The designer then uses the red, green and gray colors (apologies to the color-blind folks) to group the jobs into three clusters. This is usually a great idea except that it is poorly executed here. Don is very annoyed with this because these colors lead the readers to the wrong conclusion, and I agree.


The color scheme is unnecessarily convoluted. Here is an alternative I prefer:

  • if the change is 5 percent or less, color as gray no matter where the line is. (It is insane to color the line for housekeepers "red" for going from 87 to 89 percent in 30 years). 
  • if the change is over 5 percent in the female direction, color it red to indicate the occupation is becoming more female. (There would be many red lines, such as for managers in education, HR staff, social workers, architects, etc.)
  • if the change is over 5 percent in the male direction, color it blue to indicate the occupation is becoming more male (There would be only one blue line, and that is for welfare service aides.)

This would mean the lines for dentists and architects would be labelled progress. So too with most of the jobs that were predominantly male in 1980. In fact, there really isn't any occupation that went backwards--all those red lines in the bottom shaded chunk indicate shifts of only 1 to 4 percent, over 30 years!

This conclusion usurps the premise of the column in which the author claims that the conventional wisdom is wrong.


The other precaution in reading this chart is to realize that each occupation is put on equal footing in this chart even though some job categories employ a lot more people than others. Also confounded with this data is the differential growth/decline in job categories over the 30-year period. Further, the proportion of women entering the labor force must be accounted for.

This is a case in which less is less. The structure of the problem is complex, and it requires a more sophisticated approach.

Expanding circles of error

Reader James H. spotted this offensive pie chart in Forbes (link).


This chart tells us that emerging markets will be responsible for the greatest growth in medical spending up to 2016.

It is hard to find this message in the chart. The gray sector for Japan in 2006 reads 10%, the exact same number as the gray sector in 2016, which appears several times as large. In a pie chart, it is hard enough to compare the sectoral areas within a pie, let alone sectors of different-sized pies.

James noticed that the pie areas are incorrect. The 2016 pie should be roughly double the area of the 2006 pie. This is not the case.

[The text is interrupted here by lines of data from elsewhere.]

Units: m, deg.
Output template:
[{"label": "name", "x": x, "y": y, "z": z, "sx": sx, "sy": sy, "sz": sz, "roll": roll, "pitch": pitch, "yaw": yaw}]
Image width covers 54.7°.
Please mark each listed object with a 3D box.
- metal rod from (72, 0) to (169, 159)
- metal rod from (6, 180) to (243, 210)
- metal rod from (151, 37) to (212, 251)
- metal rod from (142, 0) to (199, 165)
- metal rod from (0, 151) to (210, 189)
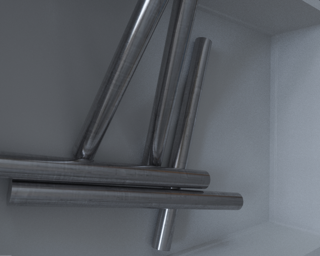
[{"label": "metal rod", "x": -0.017, "y": -0.095, "z": 0.288, "sx": 0.025, "sy": 0.025, "sz": 0.298, "roll": 11, "pitch": 117, "yaw": -40}, {"label": "metal rod", "x": -0.015, "y": 0.083, "z": 0.369, "sx": 0.302, "sy": 0.025, "sz": 0.025, "roll": 10, "pitch": 83, "yaw": -32}, {"label": "metal rod", "x": 0.033, "y": 0.015, "z": 0.433, "sx": 0.025, "sy": 0.025, "sz": 0.299, "roll": 21, "pitch": 77, "yaw": -38}, {"label": "metal rod", "x": 0.017, "y": -0.083, "z": 0.333, "sx": 0.025, "sy": 0.025, "sz": 0.298, "roll": -12, "pitch": 126, "yaw": -39}, {"label": "metal rod", "x": -0.064, "y": 0.048, "z": 0.334, "sx": 0.302, "sy": 0.025, "sz": 0.025, "roll": 10, "pitch": 84, "yaw": -34}]
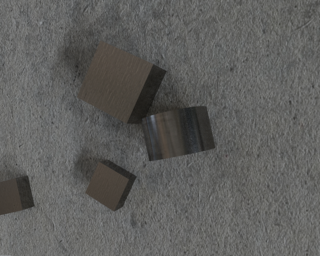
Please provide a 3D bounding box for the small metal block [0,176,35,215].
[{"bbox_3d":[-0.232,0.106,0.489,0.050,0.025,0.050,-16,85,19],"label":"small metal block"}]

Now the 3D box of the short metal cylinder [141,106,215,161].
[{"bbox_3d":[0.021,0.007,0.372,0.080,0.080,0.050,-13,86,19],"label":"short metal cylinder"}]

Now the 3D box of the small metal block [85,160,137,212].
[{"bbox_3d":[-0.068,0.079,0.432,0.050,0.025,0.050,27,99,17],"label":"small metal block"}]

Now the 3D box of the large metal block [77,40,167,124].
[{"bbox_3d":[-0.050,-0.059,0.412,0.080,0.050,0.080,27,99,17],"label":"large metal block"}]
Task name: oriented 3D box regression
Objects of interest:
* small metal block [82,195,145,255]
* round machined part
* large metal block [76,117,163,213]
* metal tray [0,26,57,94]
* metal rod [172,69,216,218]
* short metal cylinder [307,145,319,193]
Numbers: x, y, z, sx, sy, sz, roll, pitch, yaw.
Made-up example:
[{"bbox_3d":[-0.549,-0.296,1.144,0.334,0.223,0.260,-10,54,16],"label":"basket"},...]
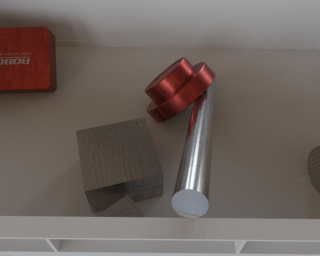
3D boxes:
[{"bbox_3d":[-0.043,0.100,0.304,0.050,0.050,0.025,-31,57,-24],"label":"small metal block"},{"bbox_3d":[0.019,-0.054,0.402,0.042,0.098,0.098,49,56,-13],"label":"round machined part"},{"bbox_3d":[-0.046,0.041,0.354,0.081,0.050,0.080,-12,51,-10],"label":"large metal block"},{"bbox_3d":[-0.221,-0.096,0.447,0.131,0.030,0.089,-2,88,-3],"label":"metal tray"},{"bbox_3d":[0.047,-0.014,0.342,0.025,0.025,0.301,9,27,7],"label":"metal rod"},{"bbox_3d":[0.210,0.046,0.334,0.050,0.080,0.080,-22,54,-18],"label":"short metal cylinder"}]
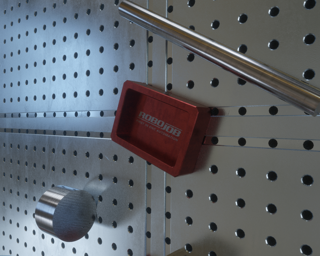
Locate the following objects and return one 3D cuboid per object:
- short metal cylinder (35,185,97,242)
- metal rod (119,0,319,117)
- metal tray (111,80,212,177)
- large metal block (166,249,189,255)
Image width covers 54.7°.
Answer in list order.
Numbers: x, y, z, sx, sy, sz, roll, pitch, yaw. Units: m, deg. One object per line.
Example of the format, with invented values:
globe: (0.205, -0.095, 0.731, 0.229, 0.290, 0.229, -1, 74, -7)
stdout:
short metal cylinder: (-0.150, 0.136, 0.498, 0.050, 0.081, 0.079, 2, 91, 40)
metal rod: (0.050, -0.097, 0.368, 0.300, 0.025, 0.025, 37, 113, 33)
metal tray: (-0.005, -0.003, 0.409, 0.130, 0.030, 0.089, 26, 106, 37)
large metal block: (0.011, 0.203, 0.365, 0.050, 0.081, 0.079, 16, 100, 39)
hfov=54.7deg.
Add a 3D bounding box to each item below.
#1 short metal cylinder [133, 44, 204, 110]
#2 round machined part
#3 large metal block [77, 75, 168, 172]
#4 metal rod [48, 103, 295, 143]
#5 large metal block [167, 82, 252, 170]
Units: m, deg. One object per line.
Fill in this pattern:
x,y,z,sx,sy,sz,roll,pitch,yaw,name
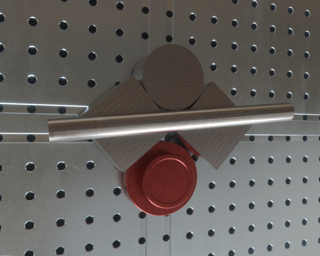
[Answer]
0.009,-0.062,0.399,0.081,0.050,0.079,0,90,-20,short metal cylinder
0.005,0.065,0.401,0.099,0.042,0.097,0,90,-20,round machined part
-0.045,-0.006,0.379,0.080,0.050,0.080,-41,105,-16,large metal block
0.029,-0.009,0.364,0.303,0.025,0.025,-5,92,-20,metal rod
0.062,-0.003,0.416,0.080,0.050,0.080,44,77,-15,large metal block
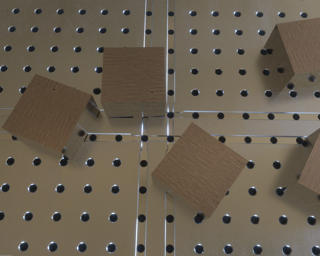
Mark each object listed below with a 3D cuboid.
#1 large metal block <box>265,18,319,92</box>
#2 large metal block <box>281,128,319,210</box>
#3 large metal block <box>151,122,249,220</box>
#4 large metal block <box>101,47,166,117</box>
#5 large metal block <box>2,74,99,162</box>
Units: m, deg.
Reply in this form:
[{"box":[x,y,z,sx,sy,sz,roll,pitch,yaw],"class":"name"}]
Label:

It seems like the radius of the 2016 pie is at least three times larger than that of the 2006 pie.


As usual, a line chart brings out the trend more clearly:



The projected numbers should be clearly labelled as such. "2016" should read "2016P". I'm not sure if the 2011 number was projected also - depends on when the data source was published.

The worst thing about this chart is it's completely misleading. It fails to recognize that there are many billions of people in emerging markets and "rest of the world" while U.S, Europe and Japan combined have just over one billion people. Thus, all this chart is really saying is that population growth in the next several years will mostly occur in emerging markets. One can substitute medical spending with any kind of mass market spending and have essentially the same picture.

Below are a rough estimate of the per-capita medical spending by region using population sizes in 2011. For emerging markets, I have substitued BRIC i.e. Brazil, Russia, India and China, which underestimates the population and thus overestimates the per-capita spend. These parts of the world spend a fraction of what industrialized countries are spending. So what's the story?